## Yelp Rating Prediction FCNN

Author: Rahul Gupta

Goal of the project is to develop an FCNN (Fully Connected Neural Network) to predict Yelp rating scores based on the text data from user-written reviews.

### Data Loading
Need to first load, understand, and preprocess data for the neural network.

In [40]:
import numpy as np
import pandas as pd

# Starter code
review = pd.read_json('./data/yelp_academic_dataset_review.json', lines=True, nrows= 1000000)
business = pd.read_json('./data/yelp_academic_dataset_business.json', lines=True, nrows= 1000000)

In [41]:
review.dropna(inplace=True)
review.head()
print(review.shape)

(1000000, 9)


In [42]:
business.dropna(inplace=True)
print(business.shape)
business.head()

(117618, 14)


Unnamed: 0,business_id,name,address,city,state,postal_code,latitude,longitude,stars,review_count,is_open,attributes,categories,hours
1,mpf3x-BjTdTEA3yCZrAYPw,The UPS Store,87 Grasso Plaza Shopping Center,Affton,MO,63123,38.551126,-90.335695,3.0,15,1,{'BusinessAcceptsCreditCards': 'True'},"Shipping Centers, Local Services, Notaries, Ma...","{'Monday': '0:0-0:0', 'Tuesday': '8:0-18:30', ..."
2,tUFrWirKiKi_TAnsVWINQQ,Target,5255 E Broadway Blvd,Tucson,AZ,85711,32.223236,-110.880452,3.5,22,0,"{'BikeParking': 'True', 'BusinessAcceptsCredit...","Department Stores, Shopping, Fashion, Home & G...","{'Monday': '8:0-22:0', 'Tuesday': '8:0-22:0', ..."
3,MTSW4McQd7CbVtyjqoe9mw,St Honore Pastries,935 Race St,Philadelphia,PA,19107,39.955505,-75.155564,4.0,80,1,"{'RestaurantsDelivery': 'False', 'OutdoorSeati...","Restaurants, Food, Bubble Tea, Coffee & Tea, B...","{'Monday': '7:0-20:0', 'Tuesday': '7:0-20:0', ..."
4,mWMc6_wTdE0EUBKIGXDVfA,Perkiomen Valley Brewery,101 Walnut St,Green Lane,PA,18054,40.338183,-75.471659,4.5,13,1,"{'BusinessAcceptsCreditCards': 'True', 'Wheelc...","Brewpubs, Breweries, Food","{'Wednesday': '14:0-22:0', 'Thursday': '16:0-2..."
5,CF33F8-E6oudUQ46HnavjQ,Sonic Drive-In,615 S Main St,Ashland City,TN,37015,36.269593,-87.058943,2.0,6,1,"{'BusinessParking': 'None', 'BusinessAcceptsCr...","Burgers, Fast Food, Sandwiches, Food, Ice Crea...","{'Monday': '0:0-0:0', 'Tuesday': '6:0-22:0', '..."


In [49]:
# Drop businesses with less than 20 reviews
business_to_drop = business[business['review_count'] < 20]

# Remove reviews for businesses that are being dropped
review_filtered = review[review['business_id'].isin(business_to_drop['business_id']) == False]
business_filtered = business[business['review_count'] >= 20]

### First Approach - Group all reviews
Join the tables together such that we have a business and all the reviews for each business in one row.

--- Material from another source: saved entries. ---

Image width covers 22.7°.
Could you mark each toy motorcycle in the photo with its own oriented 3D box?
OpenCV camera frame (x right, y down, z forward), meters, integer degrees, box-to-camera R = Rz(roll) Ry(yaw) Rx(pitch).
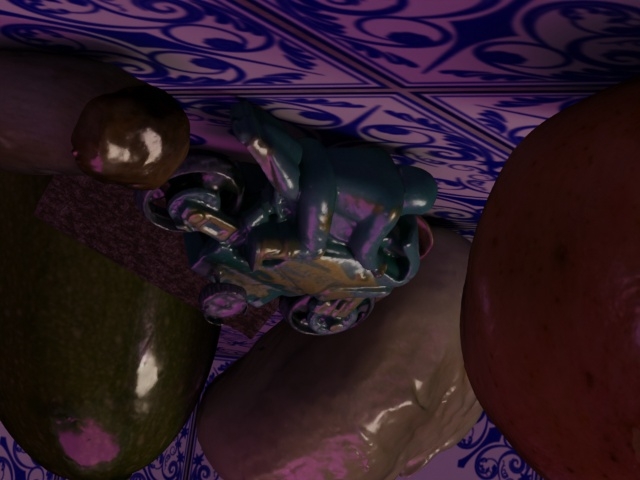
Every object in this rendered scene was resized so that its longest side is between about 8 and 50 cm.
[{"bbox_3d":[-0.009,-0.010,1.268,0.198,0.109,0.296,-31,142,22],"label":"toy motorcycle"}]

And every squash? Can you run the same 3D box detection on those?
[{"bbox_3d":[-0.247,0.086,1.598,0.310,0.309,0.310,10,172,1],"label":"squash"}]

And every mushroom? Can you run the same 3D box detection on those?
[{"bbox_3d":[-0.246,-0.095,1.132,0.333,0.087,0.107,8,169,26],"label":"mushroom"}]

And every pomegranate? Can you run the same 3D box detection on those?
[{"bbox_3d":[0.236,0.064,0.909,0.338,0.338,0.338,8,172,1],"label":"pomegranate"}]

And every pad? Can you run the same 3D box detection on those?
[{"bbox_3d":[-0.132,-0.004,1.415,0.235,0.003,0.158,30,141,-8],"label":"pad"}]

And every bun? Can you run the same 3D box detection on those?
[{"bbox_3d":[0.053,0.139,1.626,0.213,0.361,0.361,51,169,0],"label":"bun"}]

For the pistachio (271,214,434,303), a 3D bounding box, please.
[{"bbox_3d":[0.000,0.000,1.460,0.206,0.129,0.131,-2,123,32],"label":"pistachio"}]

We'll use TFIDF on all the reviews for a business to predict the business's rating.

In [83]:
from scipy.stats import zscore

df_review_agg = review_filtered.groupby('business_id')['text'].sum()

df_grouped = pd.DataFrame({
    'business_id': df_review_agg.index, 
    'all_reviews': df_review_agg.values,
    })

# Join the business star ratings w/ business IDs
# Normalize the star ratings
df_grouped = df_grouped.merge(business_filtered[['business_id', 'stars']], on='business_id', how='inner')

print(df_grouped.shape)
df_grouped.head()

(10769, 3)


Unnamed: 0,business_id,all_reviews,stars
0,--ZVrH2X2QXBFdCilbirsw,This place is sadly perm closed. I was hoping ...,4.5
1,-02xFuruu85XmDn2xiynJw,Dr. Curtis Dechant has an excellent chair-side...,4.5
2,-06OYKiIzxsdymBMDAKZug,Had catalytic converters replaced on our Subur...,4.5
3,-06ngMH_Ejkm_6HQBYxB7g,I have an old main line that really should be ...,4.0
4,-0E7laYjwZxEAQPhFJXxow,I recently visited this dealership because the...,3.5


In [84]:
unique_categories = business['stars'].unique()
unique_categories.sort()
print(f'Unique star ratings: {unique_categories}')

Unique star ratings: [1.  1.5 2.  2.5 3.  3.5 4.  4.5 5. ]


In [85]:
df_grouped['stars'] = df_grouped['stars'].astype(str)

def encode_text_dummy(df, name):
    dummies = pd.get_dummies(df[name])
    for x in dummies.columns:
        dummy_name = "{}-{}".format(name, x)
        df[dummy_name] = dummies[x]
    df.drop(name, axis=1, inplace=True)

encode_text_dummy(df_grouped, 'stars')

print(df_grouped.shape)
df_grouped.head()

(10769, 11)


Unnamed: 0,business_id,all_reviews,stars-1.0,stars-1.5,stars-2.0,stars-2.5,stars-3.0,stars-3.5,stars-4.0,stars-4.5,stars-5.0
0,--ZVrH2X2QXBFdCilbirsw,This place is sadly perm closed. I was hoping ...,False,False,False,False,False,False,False,True,False
1,-02xFuruu85XmDn2xiynJw,Dr. Curtis Dechant has an excellent chair-side...,False,False,False,False,False,False,False,True,False
2,-06OYKiIzxsdymBMDAKZug,Had catalytic converters replaced on our Subur...,False,False,False,False,False,False,False,True,False
3,-06ngMH_Ejkm_6HQBYxB7g,I have an old main line that really should be ...,False,False,False,False,False,False,True,False,False
4,-0E7laYjwZxEAQPhFJXxow,I recently visited this dealership because the...,False,False,False,False,False,True,False,False,False


In [109]:
import sklearn.feature_extraction.text as sk_text

vectorizer = sk_text.TfidfVectorizer(stop_words='english', max_features=1000, min_df=1)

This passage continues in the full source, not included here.